Rescue Dog Team Taichung City Government – “Training the (Furry) Heroes of Tomorrow”
Following last year’s 6.0 magnitude earthquake in Hualien, a rescue dog named Tie-Hsiung (Iron Hero) became an overnight viral sensation after he located two victims in the rubble of the collapsed Marshall Hotel. Tie-Hsiung, a four-year-old golden Labrador, had only joined the fire department two years previously – making Hualien his first ever mission as a qualified rescue dog.
Lin Hongwei, the captain of Taichung City Government’s Rescue Dog Team, says Tie-Hsiung’s outstanding performance shows the importance of having a rescue dog team in natural disasters.
“In modern times, while we have lots of different rescue technologies, we can often forget that there is often no electricity during a natural disaster. Under such conditions, when these modern technologies don’t work – the rescue dog squad is necessary.” He explains.
Currently, Tie-Hsiung and the Rescue Dog Team are based in Guangfu Village, where they train daily to improve their search and rescue skills in a variety of environments.
Starting from when they are three months old, dogs like Tie-Hsiung are trained in three different search methods – mantrailing (searching a small area for a lost person), area search (searching a larger area for people following a natural disaster like a flood), and rubble search (searching a collapsed building following an earthquake or a similar event).
Fully-trained dogs – who have to pass a final examination called the “Mission Readiness Test” – can then be called on to respond by the United Nations whenever there is a disaster close to Taichung in the Asian region.
Captain Lin says Guangfu Village is the perfect base for the Rescue Dog Team, as it is close by to the nearby Nantou training center and the 921 Earthquake Museum - and has a large number of dog-friendly locals.
“The Wufung area also has mountains, rivers, and various natural areas we can use to train the dogs.

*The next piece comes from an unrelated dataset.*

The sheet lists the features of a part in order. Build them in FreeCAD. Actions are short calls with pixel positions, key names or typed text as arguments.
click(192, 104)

We don’t need to spend money and time maintaining artificial training sites – as uwes firefighters can just train the dogs outside here.” Lin says.

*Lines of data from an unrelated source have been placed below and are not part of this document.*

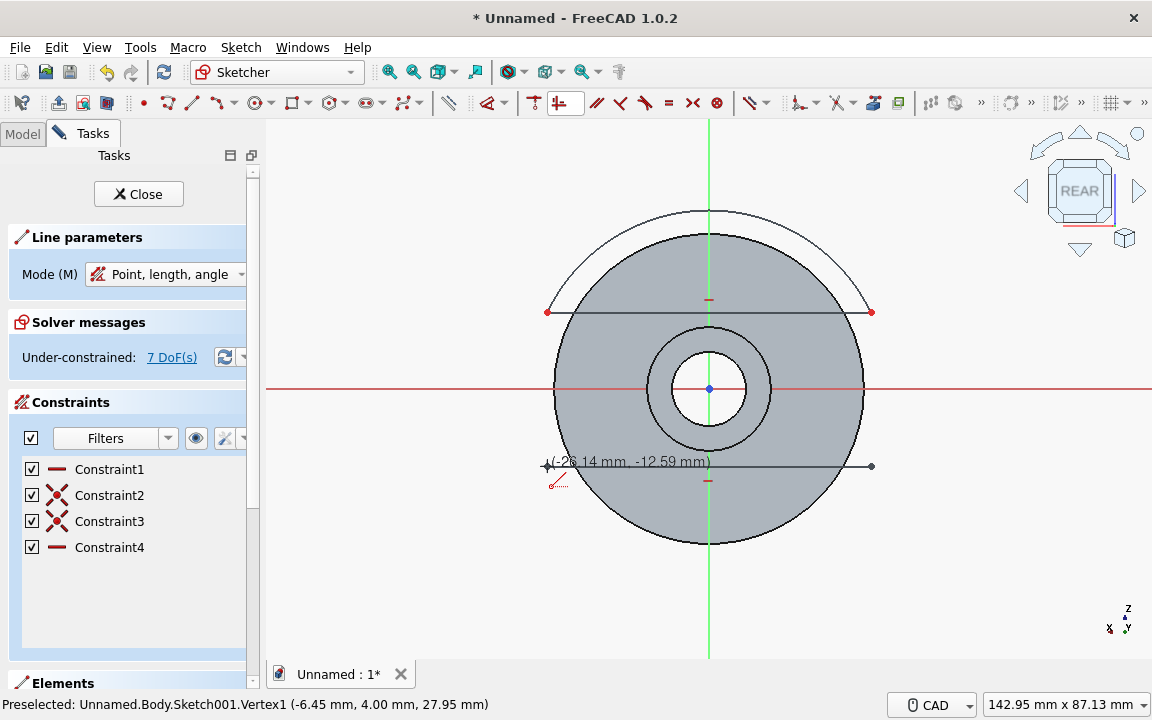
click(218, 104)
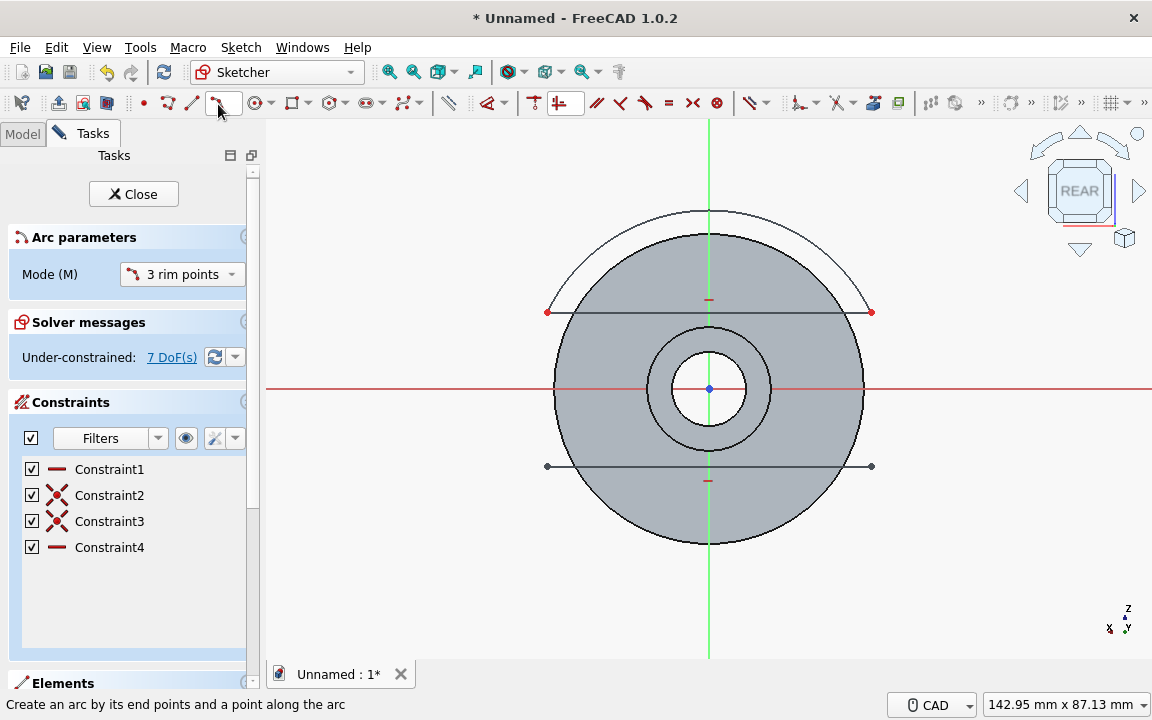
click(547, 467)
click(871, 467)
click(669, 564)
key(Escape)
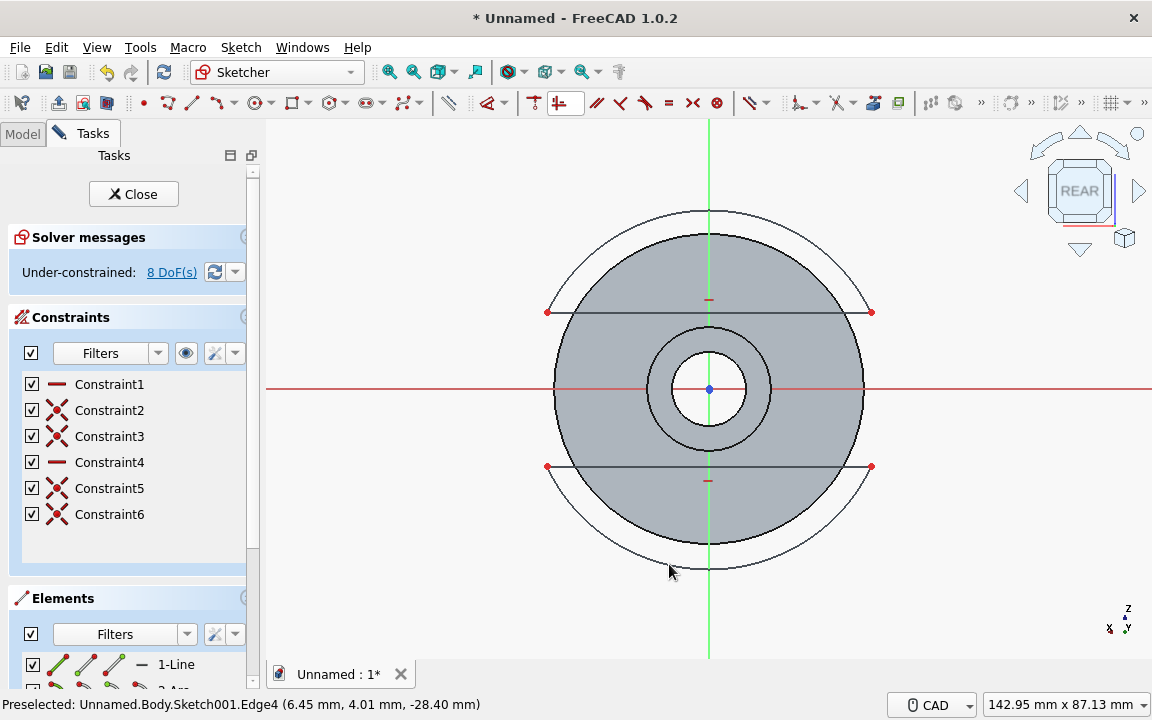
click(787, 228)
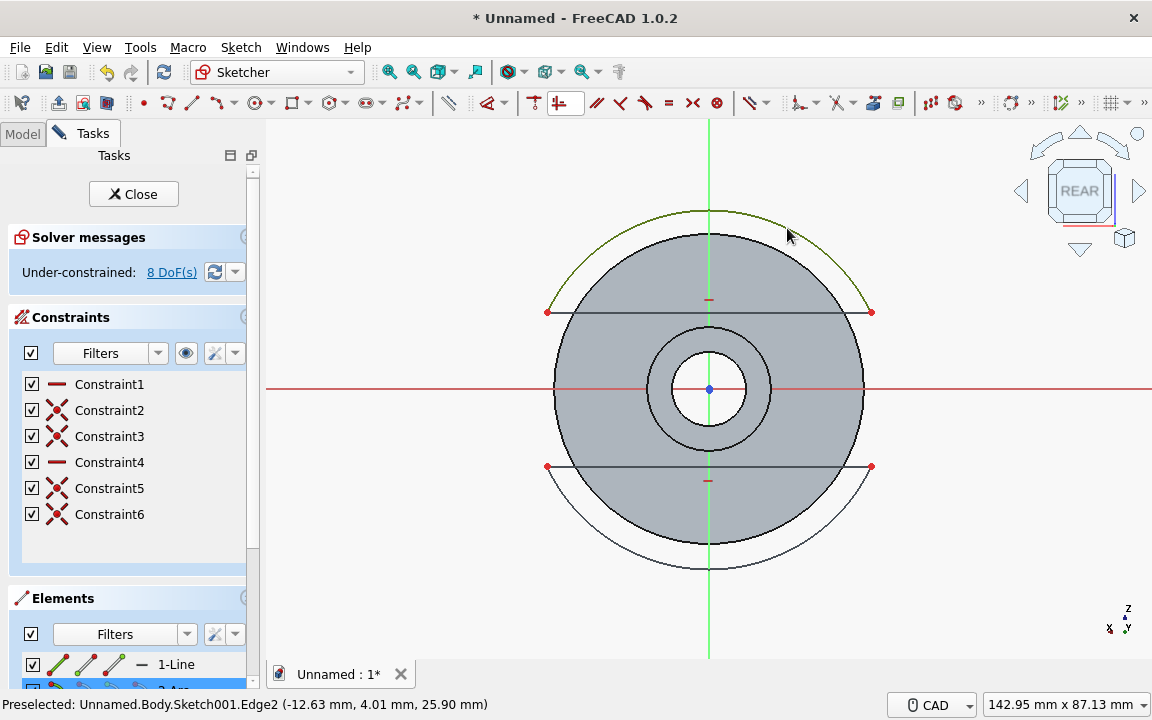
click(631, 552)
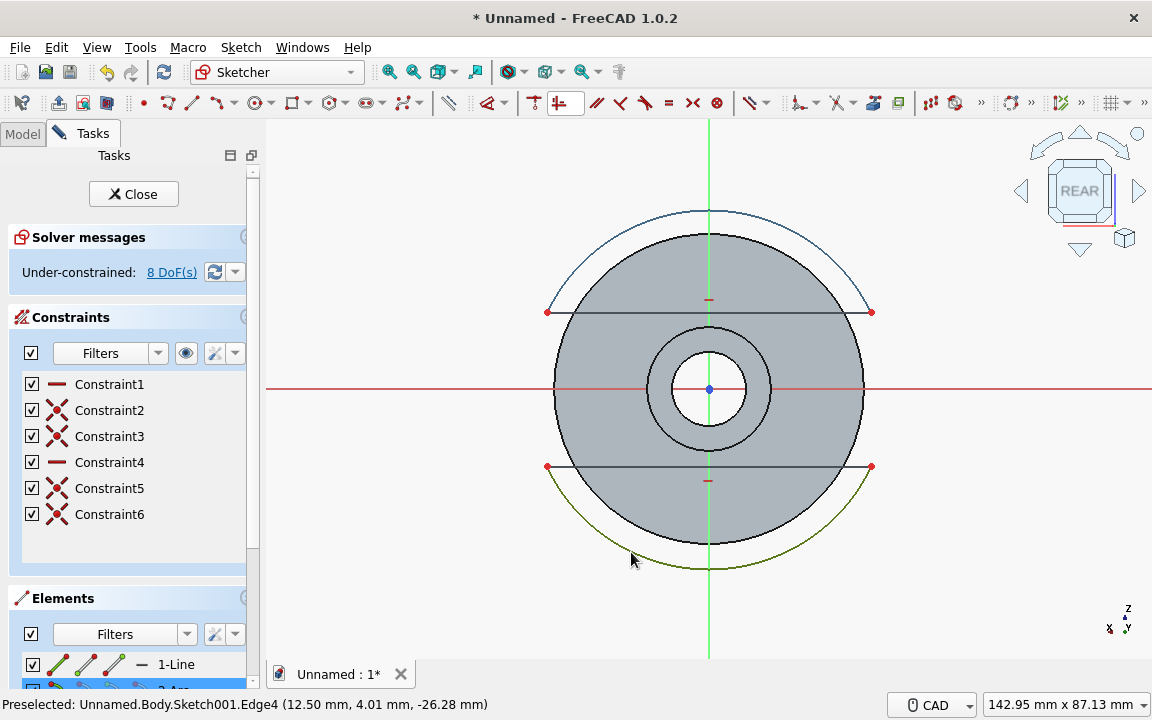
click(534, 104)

Lin says some of the Rescue Dog Team’s biggest achievements this year have been three of their dogs passing the Mission Readiness Test, and the team making lots of new friends in Guangfu Village.
“Being near the INGO Center, we’ve had the opportunity to educate more foreign guests, local people, and local NGOs about the work that the rescue dog team does.” He adds.
“This is one of the most important things for us – that people understand how important it is to prepare for natural disasters in the future.”